## GIVEN RECORDS:
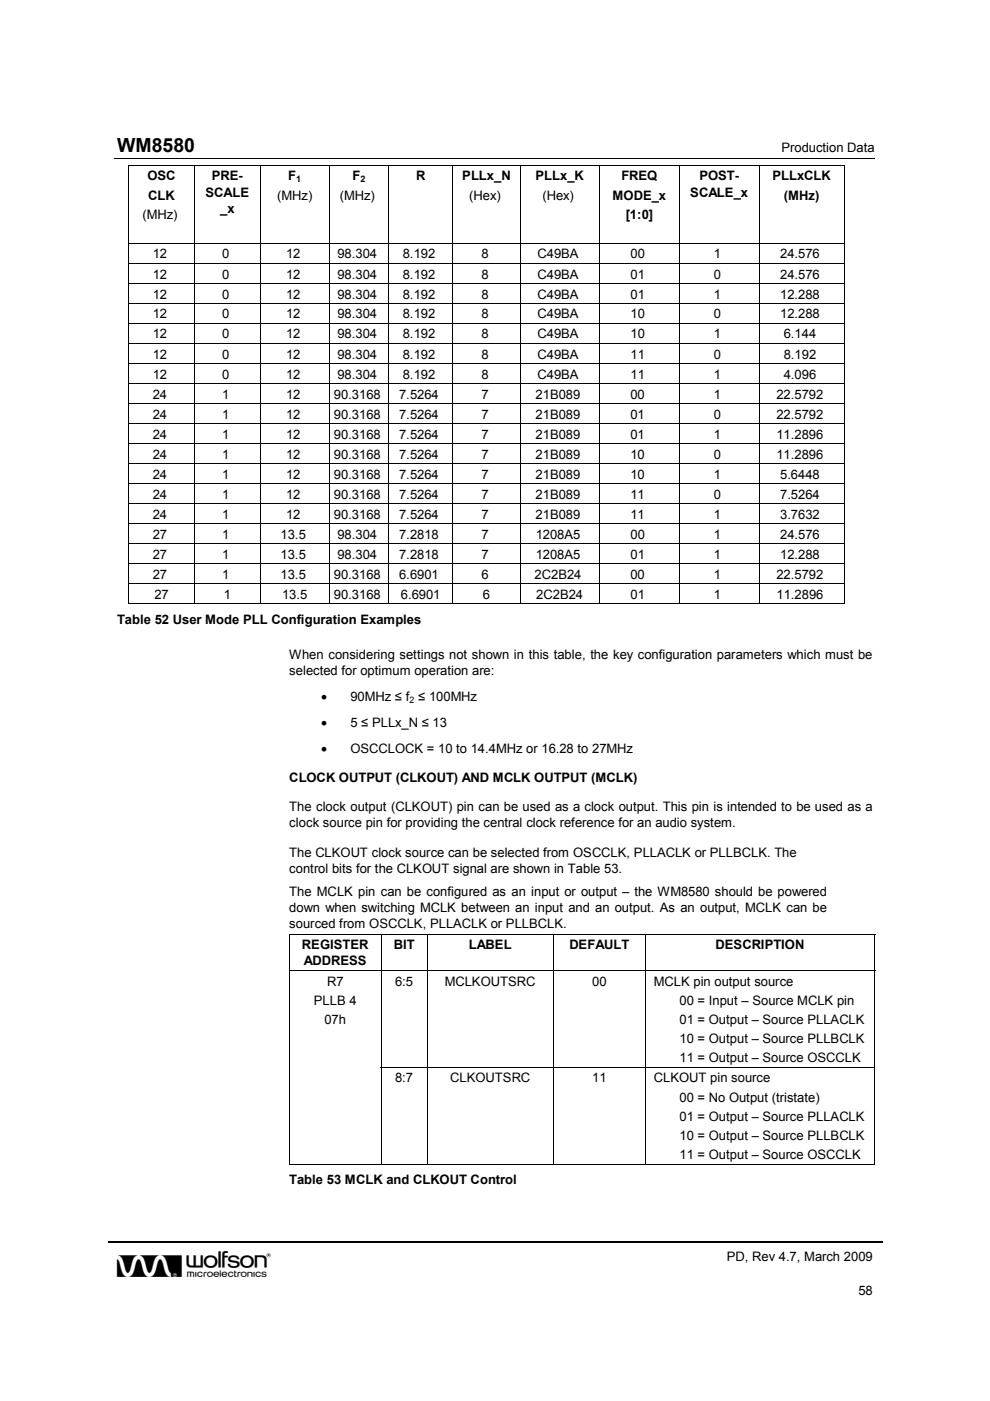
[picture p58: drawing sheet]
<svg xmlns="http://www.w3.org/2000/svg" width="210mm" height="297mm" viewBox="0 0 210 297" stroke-linecap="round" stroke-linejoin="round" font-family="sans-serif">
<defs><g id="words">
<text font-size="6.9" x="24.8" y="270.7">w</text>
<text font-size="4.1" x="24.8" y="32.3">WM8580</text>
<g font-size="2.8">
<text x="165.7" y="32.3">Production Data</text>
<text x="31.3" y="38.3">OSC</text>
<text x="43.6" y="41.7">SCALE</text>
<text x="44.9" y="38.3">PRE-</text>
<text x="61.1" y="38.3">F</text>
<text x="74.7" y="38.3">F</text>
<text x="88.2" y="38.3">R</text>
<text x="98" y="38.3">PLLx_N</text>
<text x="113.5" y="38.3">PLLx_K</text>
<text x="131.7" y="38.3">FREQ</text>
<text x="146.3" y="41.7">SCALE_x</text>
<text x="148.3" y="38.3">POST-</text>
<text x="163.8" y="38.3">PLLxCLK</text>
<text x="30.2" y="46.5">(MHz)</text>
<text x="31.4" y="42.4">CLK</text>
<text x="46.7" y="45.1">_x</text>
<text x="58.8" y="42.4">(MHz)</text>
<text x="72.1" y="42.4">(MHz)</text>
<text x="99.5" y="42.4">(Hex)</text>
<text x="115" y="42.4">(Hex)</text>
<text x="129.9" y="42.4">MODE_x</text>
<text x="132.7" y="46.4">[1:0]</text>
<text x="166.2" y="42.4">(MHz)</text>
<text x="32.4" y="54.8">12</text>
<text x="32.4" y="59.1">12</text>
<text x="47.1" y="54.8">0</text>
<text x="47.1" y="59.1">0</text>
<text x="60.7" y="54.8">12</text>
<text x="60.7" y="59.1">12</text>
<text x="71.5" y="54.8">98.304</text>
<text x="71.5" y="59.1">98.304</text>
<text x="85.4" y="54.8">8.192</text>
<text x="85.4" y="59.1">8.192</text>
<text x="102.1" y="54.8">8</text>
<text x="102.1" y="59.1">8</text>
<text x="114" y="54.8">C49BA</text>
<text x="114" y="59.1">C49BA</text>
<text x="133.7" y="54.8">00</text>
<text x="133.7" y="59.1">01</text>
<text x="151.4" y="54.8">1</text>
<text x="151.4" y="59.1">0</text>
<text x="165.4" y="54.8">24.576</text>
<text x="165.4" y="59.1">24.576</text>
<text x="32.4" y="63.3">12</text>
<text x="47.1" y="63.3">0</text>
<text x="60.7" y="63.3">12</text>
<text x="71.5" y="63.3">98.304</text>
<text x="85.4" y="63.3">8.192</text>
<text x="102.1" y="63.3">8</text>
<text x="114" y="63.3">C49BA</text>
<text x="133.7" y="63.3">01</text>
<text x="151.4" y="63.3">1</text>
<text x="165.4" y="63.3">12.288</text>
<text x="32.4" y="67.5">12</text>
<text x="32.4" y="71.8">12</text>
<text x="47.1" y="67.5">0</text>
<text x="47.1" y="71.8">0</text>
<text x="60.7" y="67.5">12</text>
<text x="60.7" y="71.8">12</text>
<text x="71.5" y="67.5">98.304</text>
<text x="71.5" y="71.8">98.304</text>
<text x="85.4" y="67.5">8.192</text>
<text x="85.4" y="71.8">8.192</text>
<text x="102.1" y="67.5">8</text>
<text x="102.1" y="71.8">8</text>
<text x="114" y="67.5">C49BA</text>
<text x="114" y="71.8">C49BA</text>
<text x="133.7" y="67.5">10</text>
<text x="133.7" y="71.8">10</text>
<text x="151.4" y="67.5">0</text>
<text x="151.4" y="71.8">1</text>
<text x="165.4" y="67.5">12.288</text>
<text x="166.2" y="71.8">6.144</text>
<text x="32.4" y="76">12</text>
<text x="47.1" y="76">0</text>
<text x="60.7" y="76">12</text>
<text x="71.5" y="76">98.304</text>
<text x="85.4" y="76">8.192</text>
<text x="102.1" y="76">8</text>
<text x="114" y="76">C49BA</text>
<text x="133.7" y="76">11</text>
<text x="151.4" y="76">0</text>
<text x="166.2" y="76">8.192</text>
<text x="32.4" y="80.3">12</text>
<text x="47.1" y="80.3">0</text>
<text x="60.7" y="80.3">12</text>
<text x="71.5" y="80.3">98.304</text>
<text x="85.4" y="80.3">8.192</text>
<text x="102.1" y="80.3">8</text>
<text x="114" y="80.3">C49BA</text>
<text x="133.7" y="80.3">11</text>
<text x="151.4" y="80.3">1</text>
<text x="166.2" y="80.3">4.096</text>
<text x="32.4" y="84.5">24</text>
<text x="32.4" y="88.7">24</text>
<text x="47.1" y="84.5">1</text>
<text x="47.1" y="88.7">1</text>
<text x="60.7" y="84.5">12</text>
<text x="60.7" y="88.7">12</text>
<text x="70.8" y="84.5">90.3168</text>
<text x="70.8" y="88.7">90.3168</text>
<text x="84.6" y="84.5">7.5264</text>
<text x="84.6" y="88.7">7.5264</text>
<text x="102.1" y="84.5">7</text>
<text x="102.1" y="88.7">7</text>
<text x="113.6" y="84.5">21B089</text>
<text x="113.6" y="88.7">21B089</text>
<text x="133.7" y="84.5">00</text>
<text x="133.7" y="88.7">01</text>
<text x="151.4" y="84.5">1</text>
<text x="151.4" y="88.7">0</text>
<text x="164.6" y="84.5">22.5792</text>
<text x="164.6" y="88.7">22.5792</text>
<text x="32.4" y="93">24</text>
<text x="47.1" y="93">1</text>
<text x="60.7" y="93">12</text>
<text x="70.8" y="93">90.3168</text>
<text x="84.6" y="93">7.5264</text>
<text x="102.1" y="93">7</text>
<text x="113.6" y="93">21B089</text>
<text x="133.7" y="93">01</text>
<text x="151.4" y="93">1</text>
<text x="164.6" y="93">11.2896</text>
<text x="32.4" y="97.2">24</text>
<text x="32.4" y="101.5">24</text>
<text x="47.1" y="97.2">1</text>
<text x="47.1" y="101.5">1</text>
<text x="60.7" y="97.2">12</text>
<text x="60.7" y="101.5">12</text>
<text x="70.8" y="97.2">90.3168</text>
<text x="70.8" y="101.5">90.3168</text>
<text x="84.6" y="97.2">7.5264</text>
<text x="84.6" y="101.5">7.5264</text>
<text x="102.1" y="97.2">7</text>
<text x="102.1" y="101.5">7</text>
<text x="113.6" y="97.2">21B089</text>
<text x="113.6" y="101.5">21B089</text>
<text x="133.7" y="97.2">10</text>
<text x="133.7" y="101.5">10</text>
<text x="151.4" y="97.2">0</text>
<text x="151.4" y="101.5">1</text>
<text x="164.6" y="97.2">11.2896</text>
<text x="165.4" y="101.5">5.6448</text>
<text x="32.4" y="105.7">24</text>
<text x="47.1" y="105.7">1</text>
<text x="60.7" y="105.7">12</text>
<text x="70.8" y="105.7">90.3168</text>
<text x="84.6" y="105.7">7.5264</text>
<text x="102.1" y="105.7">7</text>
<text x="113.6" y="105.7">21B089</text>
<text x="133.7" y="105.7">11</text>
<text x="151.4" y="105.7">0</text>
<text x="165.4" y="105.7">7.5264</text>
<text x="32.4" y="110">24</text>
<text x="47.1" y="110">1</text>
<text x="60.7" y="110">12</text>
<text x="70.8" y="110">90.3168</text>
<text x="84.6" y="110">7.5264</text>
<text x="102.1" y="110">7</text>
<text x="113.6" y="110">21B089</text>
<text x="133.7" y="110">11</text>
<text x="151.4" y="110">1</text>
<text x="165.4" y="110">3.7632</text>
<text x="32.4" y="114.2">27</text>
<text x="32.4" y="118.4">27</text>
<text x="47.1" y="114.2">1</text>
<text x="47.1" y="118.4">1</text>
<text x="59.5" y="114.2">13.5</text>
<text x="59.5" y="118.4">13.5</text>
<text x="71.5" y="114.2">98.304</text>
<text x="71.5" y="118.4">98.304</text>
<text x="84.6" y="114.2">7.2818</text>
<text x="84.6" y="118.4">7.2818</text>
<text x="102.1" y="114.2">7</text>
<text x="102.1" y="118.4">7</text>
<text x="113.6" y="114.2">1208A5</text>
<text x="113.6" y="118.4">1208A5</text>
<text x="133.7" y="114.2">00</text>
<text x="133.7" y="118.4">01</text>
<text x="151.4" y="114.2">1</text>
<text x="151.4" y="118.4">1</text>
<text x="165.4" y="114.2">24.576</text>
<text x="165.4" y="118.4">12.288</text>
<text x="32.4" y="122.7">27</text>
<text x="47.1" y="122.7">1</text>
<text x="59.5" y="122.7">13.5</text>
<text x="70.8" y="122.7">90.3168</text>
<text x="84.6" y="122.7">6.6901</text>
<text x="102.1" y="122.7">6</text>
<text x="113.4" y="122.7">2C2B24</text>
<text x="133.7" y="122.7">00</text>
<text x="151.4" y="122.7">1</text>
<text x="164.6" y="122.7">22.5792</text>
<text x="32.7" y="126.9">27</text>
<text x="47.5" y="126.9">1</text>
<text x="59.8" y="126.9">13.5</text>
<text x="70.8" y="127">90.3168</text>
<text x="85" y="126.9">6.6901</text>
<text x="102.4" y="126.9">6</text>
<text x="113.7" y="126.9">2C2B24</text>
<text x="133.7" y="127">01</text>
<text x="151.4" y="127">1</text>
<text x="164.6" y="127">11.2896</text>
<text x="24.8" y="132.2">Table 52 User Mode PLL Configuration Examples</text>
<text x="61.3" y="139.8">When considering settings not shown in this table, the key configuration parameters which must be</text>
<text x="61.3" y="143.2">selected for optimum operation are:</text>
<text x="68.1" y="148.7">•</text>
<text x="74.3" y="148.7">90MHz ≤ f ≤ 100MHz</text>
<text x="68.1" y="154.2">•</text>
<text x="74.3" y="154.2">5 ≤ PLLx_N ≤ 13</text>
<text x="68.1" y="159.7">•</text>
<text x="74.3" y="159.7">OSCCLOCK = 10 to 14.4MHz or 16.28 to 27MHz</text>
<text x="61.3" y="165.8">CLOCK OUTPUT (CLKOUT) AND MCLK OUTPUT (MCLK)</text>
<text x="61.3" y="172">The clock output (CLKOUT) pin can be used as a clock output. This pin is intended to be used as a</text>
<text x="61.3" y="175.4">clock source pin for providing the central clock reference for an audio system.</text>
<text x="61.3" y="181.6">The CLKOUT clock source can be selected from OSCCLK, PLLACLK or PLLBCLK. The</text>
<text x="61.3" y="185">control bits for the CLKOUT signal are shown in Table 53.</text>
<text x="61.3" y="189.9">The MCLK pin can be configured as an input or output – the WM8580 should be powered</text>
<text x="61.3" y="193.3">down when switching MCLK between an input and an output. As an output, MCLK can be</text>
<text x="61.3" y="196.7">sourced from OSCCLK, PLLACLK or PLLBCLK.</text>
<text x="64" y="201.3">REGISTER</text>
<text x="83.5" y="201.3">BIT</text>
<text x="99.4" y="201.3">LABEL</text>
<text x="120.7" y="201.3">DEFAULT</text>
<text x="151.7" y="201.3">DESCRIPTION</text>
<text x="64.4" y="204.7">ADDRESS</text>
<text x="69.3" y="209">R7</text>
<text x="83.8" y="209">6:5</text>
<text x="94.3" y="209">MCLKOUTSRC</text>
<text x="125.5" y="209">00</text>
<text x="138.6" y="209">MCLK pin output source</text>
<text x="66.5" y="213">PLLB 4</text>
<text x="144.1" y="213">00 = Input – Source MCLK pin</text>
<text x="68.8" y="217.1">07h</text>
<text x="144.1" y="217.1">01 = Output – Source PLLACLK</text>
<text x="144.1" y="221.2">10 = Output – Source PLLBCLK</text>
<text x="144.1" y="225.3">11 = Output – Source OSCCLK</text>
<text x="83.8" y="229.5">8:7</text>
<text x="95.5" y="229.5">CLKOUTSRC</text>
<text x="125.5" y="229.5">11</text>
<text x="138.6" y="229.5">CLKOUT pin source</text>
<text x="144.1" y="233.6">00 = No Output (tristate)</text>
<text x="144.1" y="237.7">01 = Output – Source PLLACLK</text>
<text x="144.1" y="241.7">10 = Output – Source PLLBCLK</text>
<text x="144.1" y="245.8">11 = Output – Source OSCCLK</text>
<text x="61.3" y="251.1">Table 53 MCLK and CLKOUT Control</text>
<text x="154.1" y="267.3">PD, Rev 4.7, March 2009</text>
<text x="182" y="274.5">58</text>
</g>
<g font-size="1.9">
<text x="62.8" y="38.6">1</text>
<text x="76.4" y="38.6">2</text>
<text x="86.8" y="149">2</text>
</g>
</g></defs>
<g fill="none" stroke="#000" stroke-width=".21">
<path d="M24.3 33.6h161.2M27.2 35.1h151.9M27.3 35.2v16.3M41.2 35.2v16.3M55.2 35.2v16.3M69.8 35.2v16.3M82.4 35.2v16.3M96 35.2v16.3M110.3 35.2v16.3M127.1 35.2v16.3M144.1 35.2v16.3M161 35.2v16.3"/>
<path d="M179 35.2v16.3M27.2 51.6h151.9M27.2 55.8h151.9M27.3 51.6v4.2M27.3 55.9v4.1M41.2 51.6v4.2M41.2 55.9v4.1M55.2 51.6v4.2M55.2 55.9v4.1M69.8 51.6v4.2M69.8 55.9v4.1M82.4 51.6v4.2"/>
<path d="M82.4 55.9v4.1M96 51.6v4.2M96 55.9v4.1M110.3 51.6v4.2M110.3 55.9v4.1M127.1 51.6v4.2M127.1 55.9v4.1M144.1 51.6v4.2M144.1 55.9v4.1M161 51.6v4.2M161 55.9v4.1M179 51.6v4.2"/>
<path d="M179 55.9v4.1M27.2 60.1h151.9M27.2 64.3h151.9M27.2 68.6h151.9M27.2 72.8h151.9M27.2 77h151.9M27.3 60.2v4M27.3 64.4v4.1M27.3 68.6v4.1M27.3 72.9v4.1M27.3 77.1v4.1M41.2 60.2v4"/>
<path d="M41.2 64.4v4.1M41.2 68.6v4.1M41.2 72.9v4.1M41.2 77.1v4.1M55.2 60.2v4M55.2 64.4v4.1M55.2 68.6v4.1M55.2 72.9v4.1M55.2 77.1v4.1M69.8 60.2v4M69.8 64.4v4.1M69.8 68.6v4.1"/>
<path d="M69.8 72.9v4.1M69.8 77.1v4.1M82.4 60.2v4M82.4 64.4v4.1M82.4 68.6v4.1M82.4 72.9v4.1M82.4 77.1v4.1M96 60.2v4M96 64.4v4.1M96 68.6v4.1M96 72.9v4.1M96 77.1v4.1"/>
<path d="M110.3 60.2v4M110.3 64.4v4.1M110.3 68.6v4.1M110.3 72.9v4.1M110.3 77.1v4.1M127.1 60.2v4M127.1 64.4v4.1M127.1 68.6v4.1M127.1 72.9v4.1M127.1 77.1v4.1M144.1 60.2v4M144.1 64.4v4.1"/>
<path d="M144.1 68.6v4.1M144.1 72.9v4.1M144.1 77.1v4.1M161 60.2v4M161 64.4v4.1M161 68.6v4.1M161 72.9v4.1M161 77.1v4.1M179 60.2v4M179 64.4v4.1M179 68.6v4.1M179 72.9v4.1"/>
<path d="M179 77.1v4.1M27.2 81.3h151.9M27.2 85.5h151.9M27.2 89.8h151.9M27.2 94h151.9M27.2 98.3h151.9M27.3 81.4v4.1M27.3 85.6v4.1M27.3 89.9v4M27.3 94.1v4.1M27.3 98.3v4.1M41.2 81.4v4.1"/>
<path d="M41.2 85.6v4.1M41.2 89.9v4M41.2 94.1v4.1M41.2 98.3v4.1M55.2 81.4v4.1M55.2 85.6v4.1M55.2 89.9v4M55.2 94.1v4.1M55.2 98.3v4.1M69.8 81.4v4.1M69.8 85.6v4.1M69.8 89.9v4"/>
<path d="M69.8 94.1v4.1M69.8 98.3v4.1M82.4 81.4v4.1M82.4 85.6v4.1M82.4 89.9v4M82.4 94.1v4.1M82.4 98.3v4.1M96 81.4v4.1M96 85.6v4.1M96 89.9v4M96 94.1v4.1M96 98.3v4.1"/>
<path d="M110.3 81.4v4.1M110.3 85.6v4.1M110.3 89.9v4M110.3 94.1v4.1M110.3 98.3v4.1M127.1 81.4v4.1M127.1 85.6v4.1M127.1 89.9v4M127.1 94.1v4.1M127.1 98.3v4.1M144.1 81.4v4.1M144.1 85.6v4.1"/>
<path d="M144.1 89.9v4M144.1 94.1v4.1M144.1 98.3v4.1M161 81.4v4.1M161 85.6v4.1M161 89.9v4M161 94.1v4.1M161 98.3v4.1M179 81.4v4.1M179 85.6v4.1M179 89.9v4M179 94.1v4.1"/>
<path d="M179 98.3v4.1M27.2 102.5h151.9M27.2 106.8h151.9M27.2 111h151.9M27.2 115.2h151.9M27.2 119.5h151.9M27.3 102.6v4.1M27.3 106.8v4.1M27.3 111.1v4M27.3 115.3v4.1M27.3 119.6v4.1M41.2 102.6v4.1"/>
<path d="M41.2 106.8v4.1M41.2 111.1v4M41.2 115.3v4.1M41.2 119.6v4.1M55.2 102.6v4.1M55.2 106.8v4.1M55.2 111.1v4M55.2 115.3v4.1M55.2 119.6v4.1M69.8 102.6v4.1M69.8 106.8v4.1M69.8 111.1v4"/>
<path d="M69.8 115.3v4.1M69.8 119.6v4.1M82.4 102.6v4.1M82.4 106.8v4.1M82.4 111.1v4M82.4 115.3v4.1M82.4 119.6v4.1M96 102.6v4.1M96 106.8v4.1M96 111.1v4M96 115.3v4.1M96 119.6v4.1"/>
<path d="M110.3 102.6v4.1M110.3 106.8v4.1M110.3 111.1v4M110.3 115.3v4.1M110.3 119.6v4.1M127.1 102.6v4.1M127.1 106.8v4.1M127.1 111.1v4M127.1 115.3v4.1M127.1 119.6v4.1M144.1 102.6v4.1M144.1 106.8v4.1"/>
<path d="M144.1 111.1v4M144.1 115.3v4.1M144.1 119.6v4.1M161 102.6v4.1M161 106.8v4.1M161 111.1v4M161 115.3v4.1M161 119.6v4.1M179 102.6v4.1M179 106.8v4.1M179 111.1v4M179 115.3v4.1"/>
<path d="M179 119.6v4.1M27.2 123.7h151.9M27.2 128h13.9M27.3 123.8v4.3M41.2 123.8v4.3M41.3 128h13.8M55.2 123.8v4.3M55.3 128h14.5M69.8 123.8v4.3M69.9 128h12.4M82.4 123.8v4.3M82.5 128h13.4"/>
<path d="M96 123.8v4.3M96.1 128h14.1M110.3 123.8v4.3M110.4 128h16.6M127.1 123.8v4.3M127.1 128h16.9M144.1 123.8v4.3M144.1 128h16.8M161 123.8v4.3M161 128h17.9M179 123.8v4.3M61.3 198.1h124.2"/>
<path d="M61.3 198.2v7.5M80.8 198.2v7.5M90.6 198.2v7.5M117.3 198.2v7.5M136.8 198.2v7.5M185.5 198.2v7.5M61.3 205.8h124.2M61.3 205.9v20.3M80.8 205.9v20.3M90.6 205.9v20.3M117.3 205.9v20.3M136.8 205.9v20.3"/>
<path d="M185.5 205.9v20.3M61.3 226.4v20.6M80.7 226.3h104.8M80.8 226.4v20.6M90.6 226.4v20.6M117.3 226.4v20.6M136.8 226.4v20.6M185.5 226.4v20.6M61.3 246.9h19.4M80.9 246.9h9.6M90.6 246.9h26.7M117.4 246.9h19.3"/>
<path d="M136.9 246.9h48.5"/>
</g>
<path d="M23 263.3h164.3" fill="none" stroke="#000" stroke-width=".3"/>
<path d="M27.2 35h.1v.2h-.1zM178.9 35h.2v.2h-.2zM178.9 127.9h.2v.2h-.2zM61.3 198h.1v.2h-.1zM185.4 198h.1v.2h-.1zM61.3 226.2h.1v.2h-.1zM185.4 246.8h.1v.2h-.1z" fill="#000"/>
<use href="#words"/>
</svg>

## YOUR TASK:
Read through the listing and copy each line in which the word "from" occurs.

## ANSWER FOR THIS EXERCISE:
<text x="61.3" y="181.6">The CLKOUT clock source can be selected from OSCCLK, PLLACLK or PLLBCLK. The</text>
<text x="61.3" y="196.7">sourced from OSCCLK, PLLACLK or PLLBCLK.</text>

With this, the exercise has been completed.